In the short term, Seattle appears to be on the path to a balanced budget for this year and maybe next. That's because it's bringing in more tax money than expected, at least relative to dour predictions Noble's office published earlier this spring.

But by 2025, the picture looks more bleak, with several trends pushing Seattle's long-term tax revenue prospects in the wrong direction.

There's a national mood of uncertainty stemming from the failure of some small regional banks, the war in Ukraine, and the national debt ceiling standoff. These trends inspire companies to act more conservatively, so that they're less likely to hire people.

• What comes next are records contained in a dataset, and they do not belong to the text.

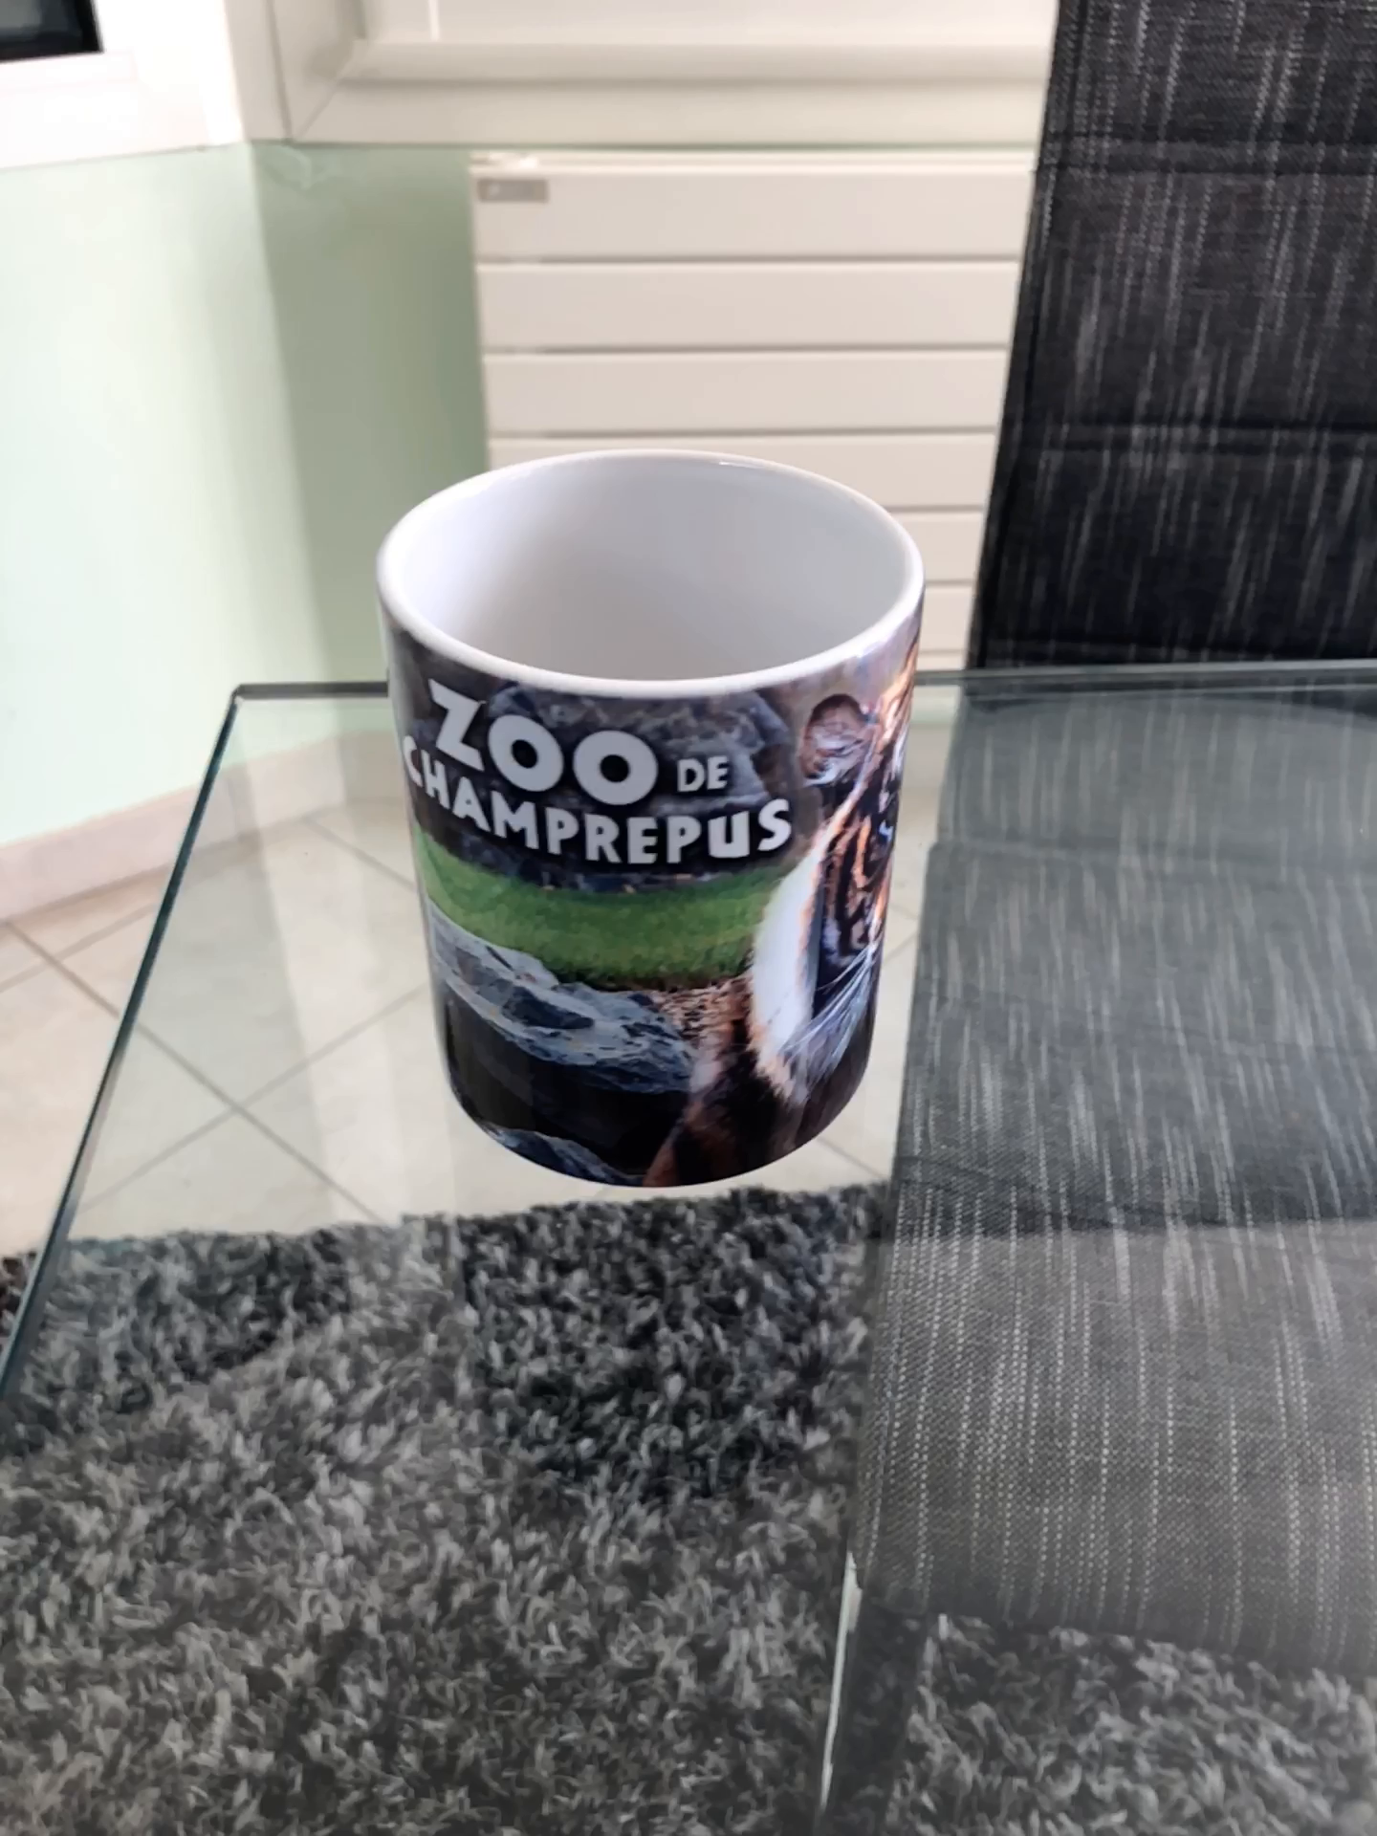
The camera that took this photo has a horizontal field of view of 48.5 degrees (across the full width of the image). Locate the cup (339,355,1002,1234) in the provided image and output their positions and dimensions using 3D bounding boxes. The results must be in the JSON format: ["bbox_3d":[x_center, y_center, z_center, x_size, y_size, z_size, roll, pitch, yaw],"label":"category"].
[{"bbox_3d":[-0.011,-0.028,0.257,0.080,0.089,0.121,-5,39,-7],"label":"cup"}]
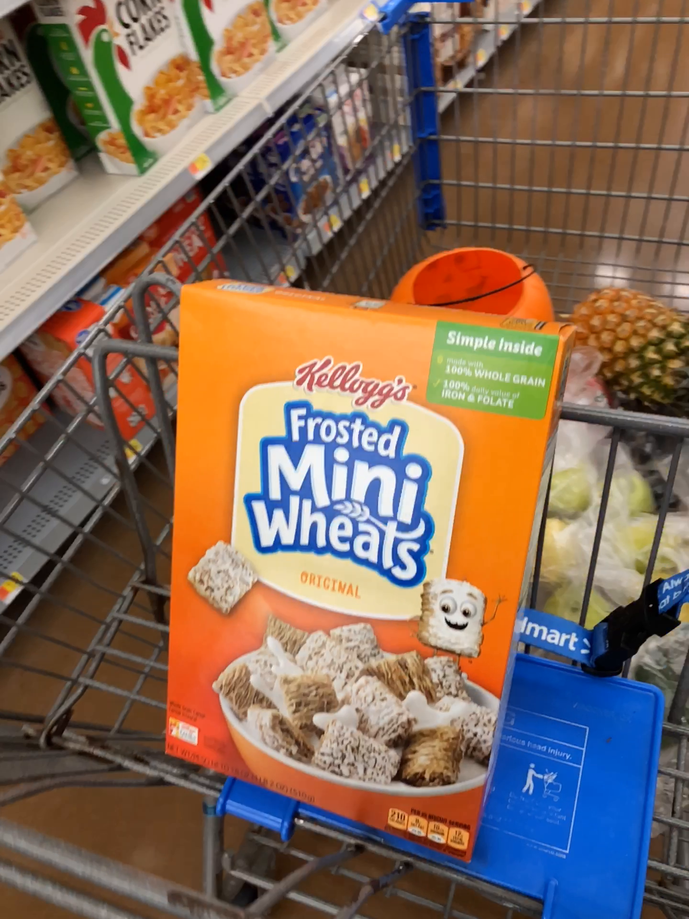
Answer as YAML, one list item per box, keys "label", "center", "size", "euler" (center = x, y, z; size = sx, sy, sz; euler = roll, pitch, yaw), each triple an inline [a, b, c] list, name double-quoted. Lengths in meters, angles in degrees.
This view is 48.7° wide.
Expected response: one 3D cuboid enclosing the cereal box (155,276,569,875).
- label: "cereal box"
  center: [0.000, 0.056, 0.424]
  size: [0.190, 0.290, 0.070]
  euler: [11, 16, 17]
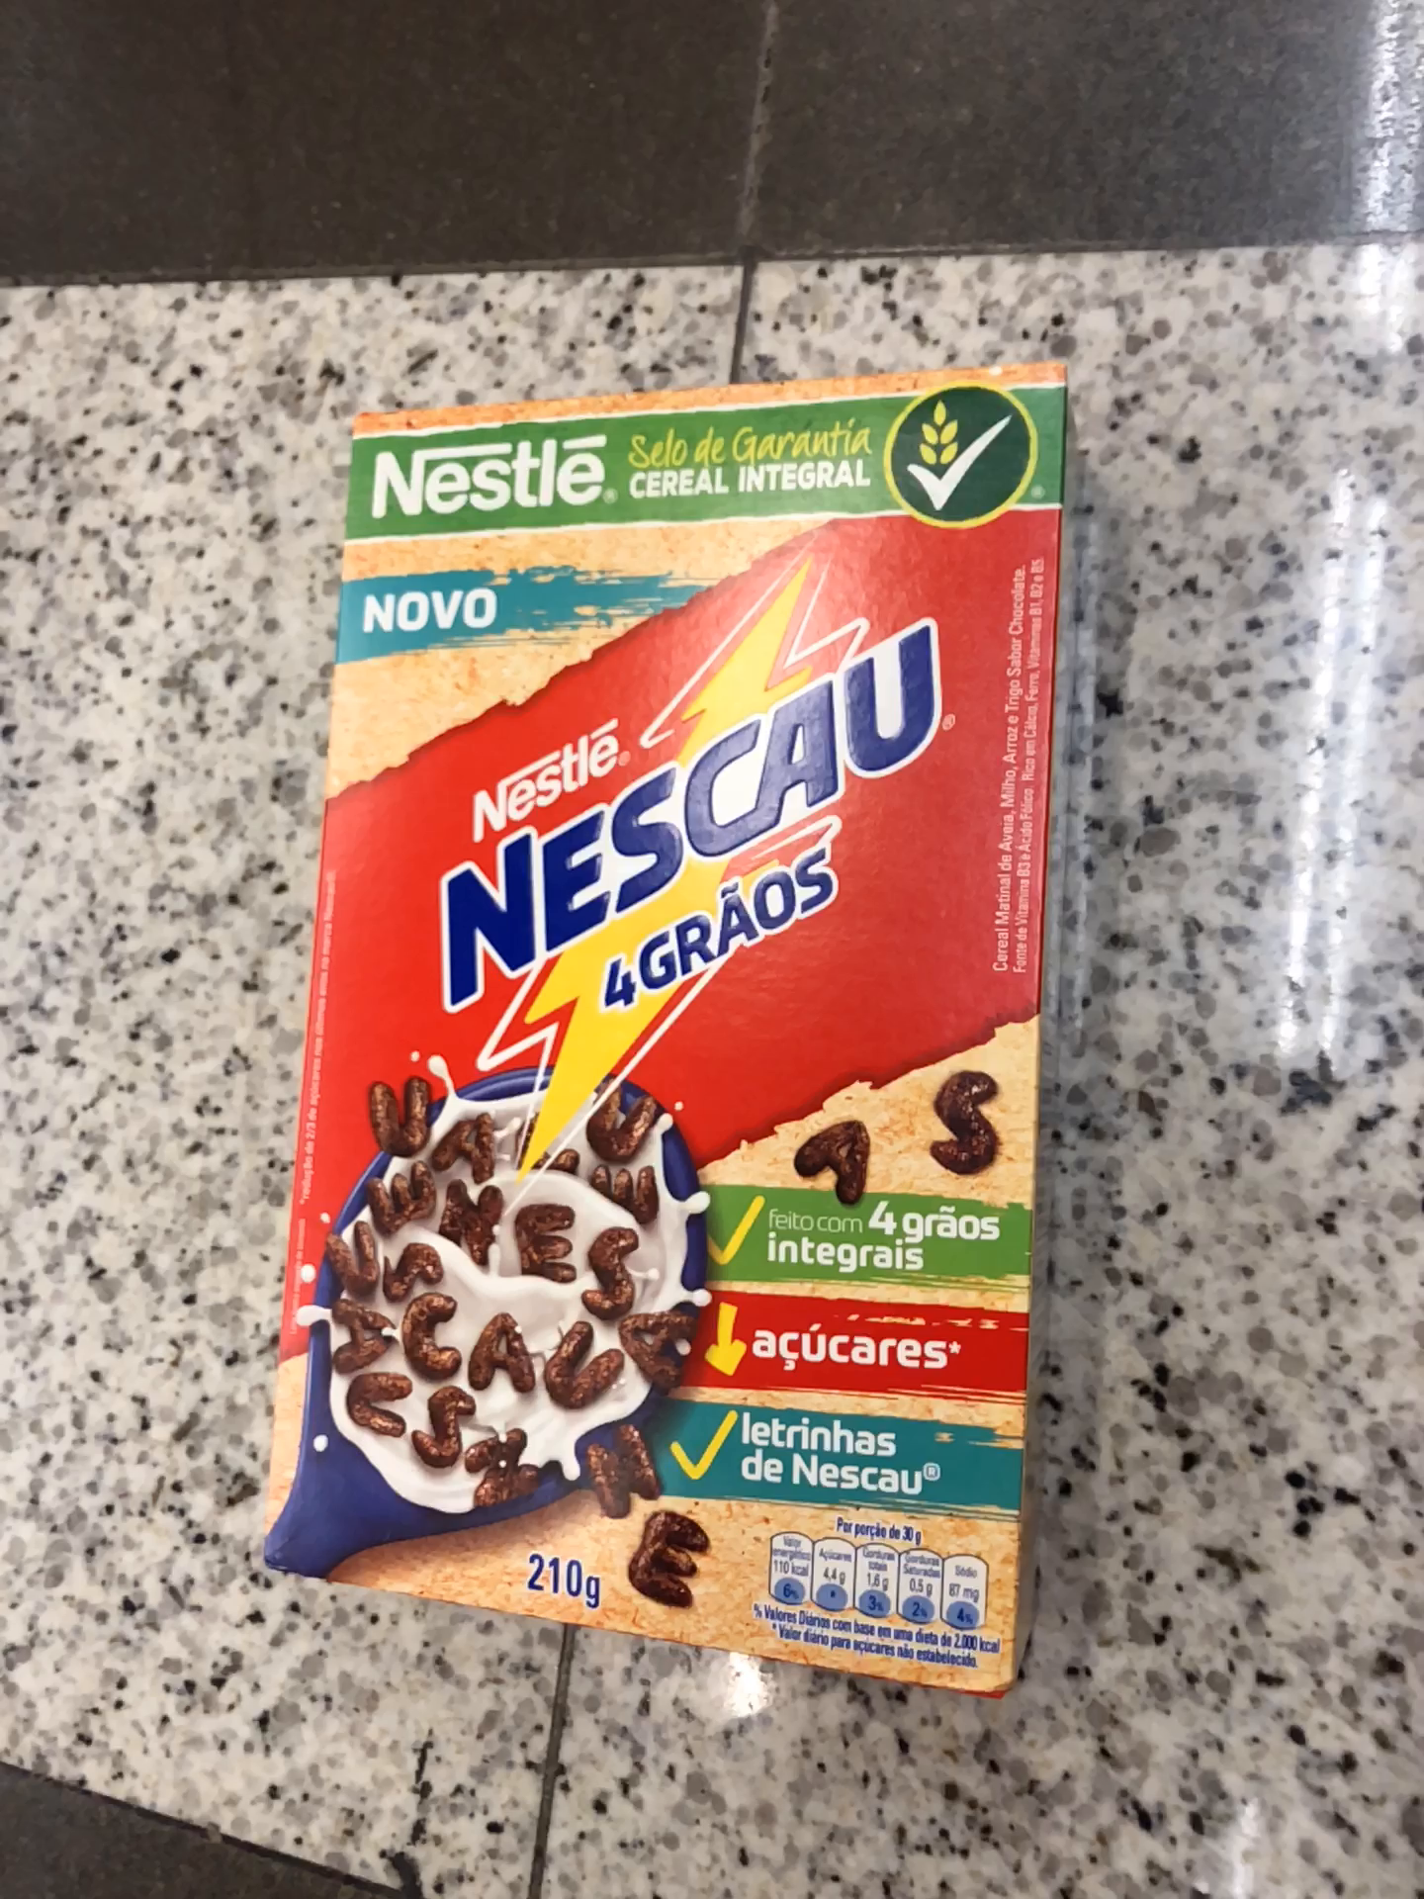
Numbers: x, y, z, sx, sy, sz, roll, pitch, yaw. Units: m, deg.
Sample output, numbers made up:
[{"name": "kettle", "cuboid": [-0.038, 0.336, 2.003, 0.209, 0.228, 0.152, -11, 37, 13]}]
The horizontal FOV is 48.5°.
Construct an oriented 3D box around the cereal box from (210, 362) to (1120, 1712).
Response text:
[{"name": "cereal box", "cuboid": [-0.008, 0.011, 0.331, 0.170, 0.050, 0.240, 2, 85, 18]}]
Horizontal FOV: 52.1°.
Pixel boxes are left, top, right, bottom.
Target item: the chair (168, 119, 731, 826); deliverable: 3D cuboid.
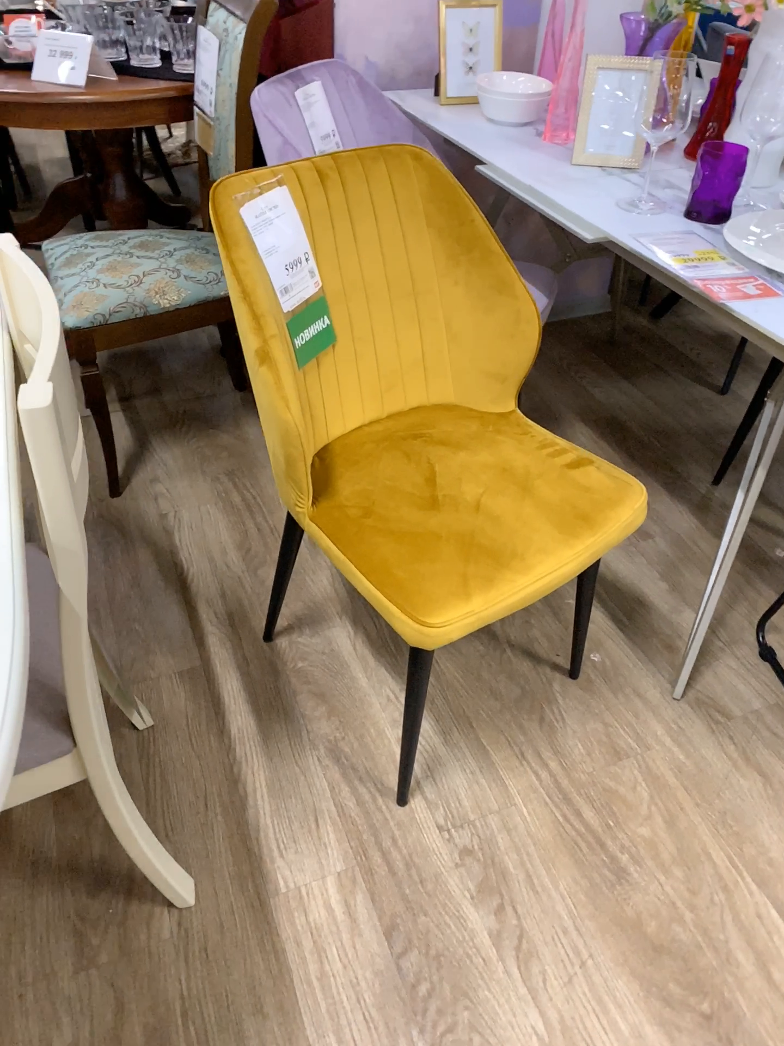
[{"bbox_3d":[0.046,-0.078,1.285,0.502,0.885,0.501,-26,48,-31],"label":"chair"}]
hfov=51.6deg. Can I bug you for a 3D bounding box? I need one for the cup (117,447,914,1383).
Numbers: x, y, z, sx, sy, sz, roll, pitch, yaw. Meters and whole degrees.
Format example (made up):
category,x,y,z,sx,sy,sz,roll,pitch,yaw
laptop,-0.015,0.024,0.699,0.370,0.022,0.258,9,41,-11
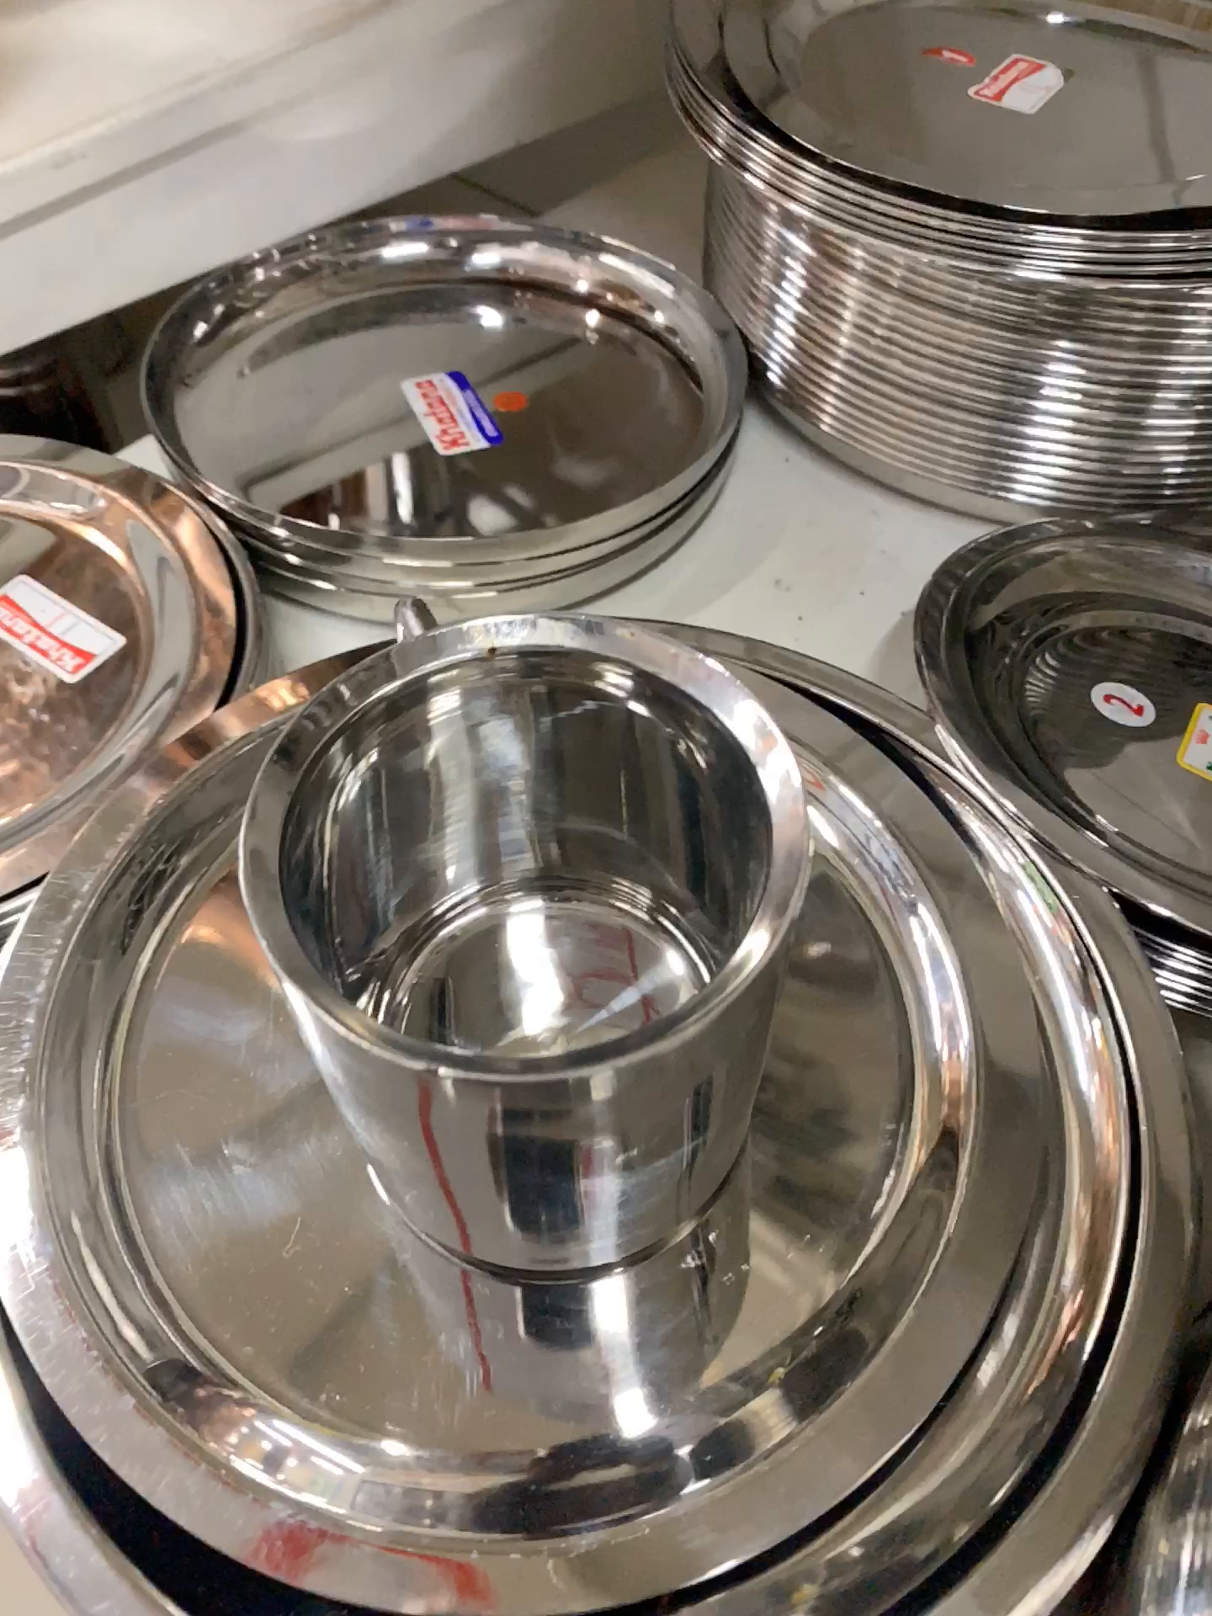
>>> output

In Seattle, Noble expects stagnant job growth over the next several years. This would have an impact on the city's payroll tax, which is currently beating expectations but could take a downward turn if the environment of economic uncertainty continues.

That's in part because the payroll tax is impacted by stock prices, Noble says. Many companies compensate their employees with stocks. So when stocks decline, more of those employees fall under the income threshold for which their employers must pay a tax.

Everywhere you turn, there's another shrinking source of revenue.

"Like our parking tax," says City Councilmember Teresa Mosqueda, who chairs the finance committee. Fewer people are parking their cars in downtown garages, "which ultimately might be good," she says.

"Maybe more people are taking the bus and light rail," Mosqueda says. "Perhaps we can continue with this hybrid model of work from home. But we need to adjust for declining revenue streams and invest in more sustainable revenue sources going forward."

Mayor Bruce Harrell has appointed a task force to look at alternative sources of revenue for the city.